Does The Economy Need More People?

Newspaper Rainbow Series     4th September 2021     Save    

Context: In the light of recent latest quarterly GDP growth numbers suggesting 20% growth from last year, the distribution of income and therefore the pattern of economic growth have become a matter of even greater than usual concern.

Positive growth trends

  • Impressive exports growth: Which in April-August was a spectacular 67 per cent.
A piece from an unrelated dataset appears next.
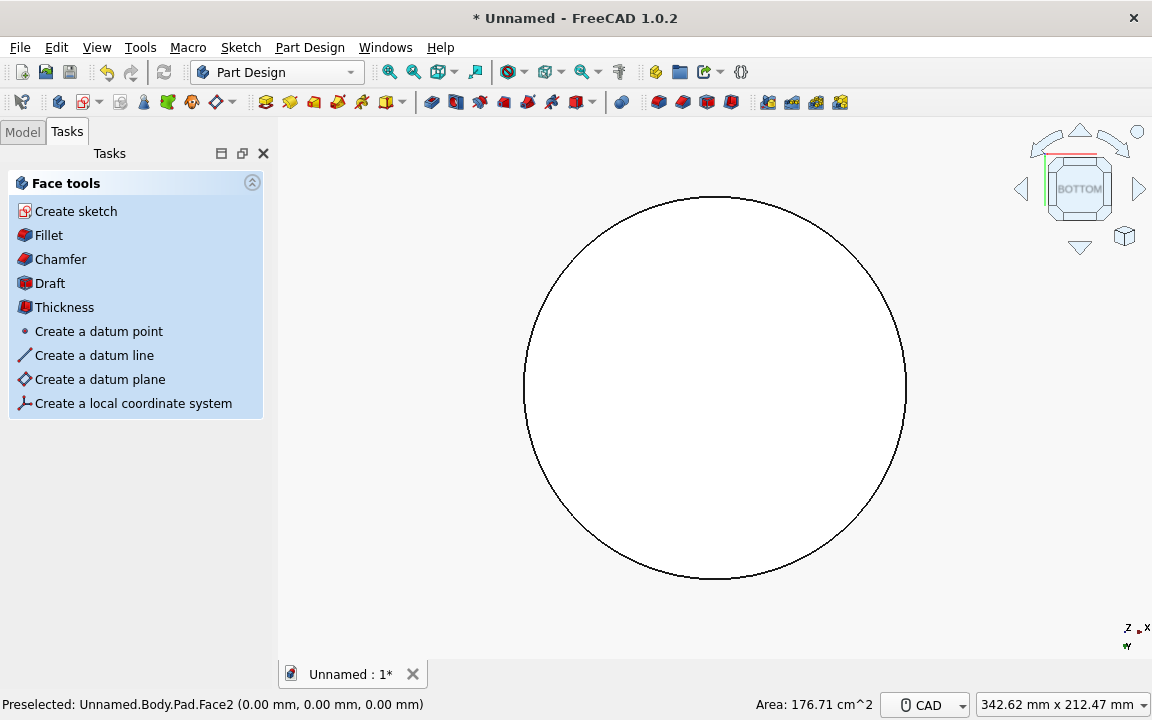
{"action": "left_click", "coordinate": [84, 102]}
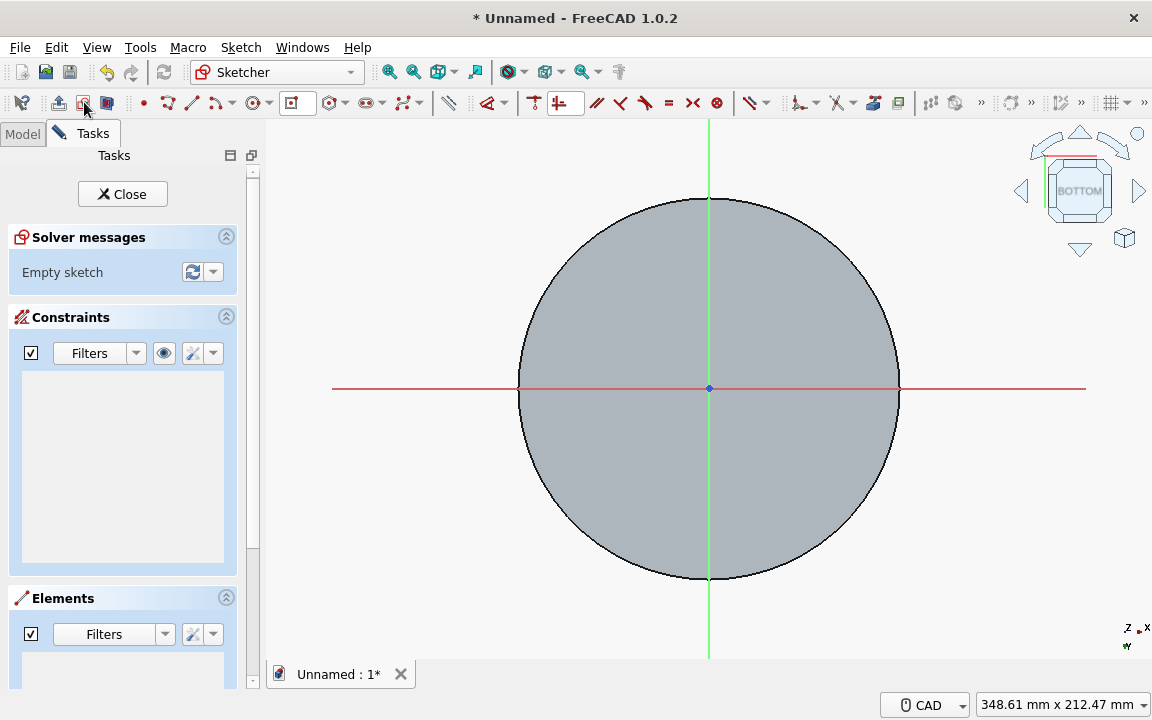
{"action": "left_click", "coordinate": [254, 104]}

Unlike GDP, exports have grown also when compared to a year earlier, by a reassuring 23 per cent.
    • Some of this growth comes from the resurgence in global economic activity, and the effect of a commodity price boom.

Concerns underlying the economic growth: Due to decrease in consumer demand denoted by following parameters - 

  • Falling private consumption: Private consumption in April-June this year was lower than four years earlier, i.e. in 2017-18. Reasons – 
    • Introduction of goods and services tax, which, it is generally acknowledged, disrupted large swathes of employment-intensive small and medium enterprises.
    • The nationwide lockdown towards the end of 2019-20 caused large-scale unemployment and reverse migration from urban to rural areas.
  • Rising inequality: A Pew survey’s findings, reported in March, that the numbers in India’s middle class have shrunk by as much as a third, with 32 million slipping into the lower-income category while 35 million have slipped from that category to join the ranks of the poor, whose numbers have therefore swelled.
    • It is not enough to focus on GDP — although that one number, reduced to a per head basis, remains the primary indicator of well-being because it is almost always positively correlated with standards of living and the indicators of health and education.
  • Rising unemployment: Economic performance too gets affected if large numbers are out of work, or at such low levels of income as to force under-consumption. Both affect aggregate demand, restrain capital investment, and therefore reduce the economy’s growth potential.

Conclusion: Henry Ford could see in 1914 that paying his workers better would lay the groundwork for boosting consumer demand. That is what the government should be trying to engineer today, along with a lowering of the currently high levels of unemployment.